ABOUT THIS TASK — Apart from the pictures, every entry below should be repeated exactly.

[Dataset excerpts]
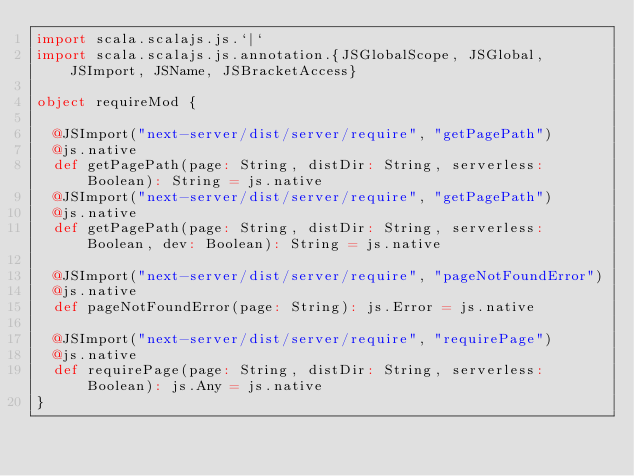Convert code to text. <code><loc_0><loc_0><loc_500><loc_500><_Scala_>import scala.scalajs.js.`|`
import scala.scalajs.js.annotation.{JSGlobalScope, JSGlobal, JSImport, JSName, JSBracketAccess}

object requireMod {
  
  @JSImport("next-server/dist/server/require", "getPagePath")
  @js.native
  def getPagePath(page: String, distDir: String, serverless: Boolean): String = js.native
  @JSImport("next-server/dist/server/require", "getPagePath")
  @js.native
  def getPagePath(page: String, distDir: String, serverless: Boolean, dev: Boolean): String = js.native
  
  @JSImport("next-server/dist/server/require", "pageNotFoundError")
  @js.native
  def pageNotFoundError(page: String): js.Error = js.native
  
  @JSImport("next-server/dist/server/require", "requirePage")
  @js.native
  def requirePage(page: String, distDir: String, serverless: Boolean): js.Any = js.native
}
</code>

THE ANSWER —
Convert code to text. <code><loc_0><loc_0><loc_500><loc_500><_Scala_>import scala.scalajs.js.`|`
import scala.scalajs.js.annotation.{JSGlobalScope, JSGlobal, JSImport, JSName, JSBracketAccess}

object requireMod {
  
  @JSImport("next-server/dist/server/require", "getPagePath")
  @js.native
  def getPagePath(page: String, distDir: String, serverless: Boolean): String = js.native
  @JSImport("next-server/dist/server/require", "getPagePath")
  @js.native
  def getPagePath(page: String, distDir: String, serverless: Boolean, dev: Boolean): String = js.native
  
  @JSImport("next-server/dist/server/require", "pageNotFoundError")
  @js.native
  def pageNotFoundError(page: String): js.Error = js.native
  
  @JSImport("next-server/dist/server/require", "requirePage")
  @js.native
  def requirePage(page: String, distDir: String, serverless: Boolean): js.Any = js.native
}
</code>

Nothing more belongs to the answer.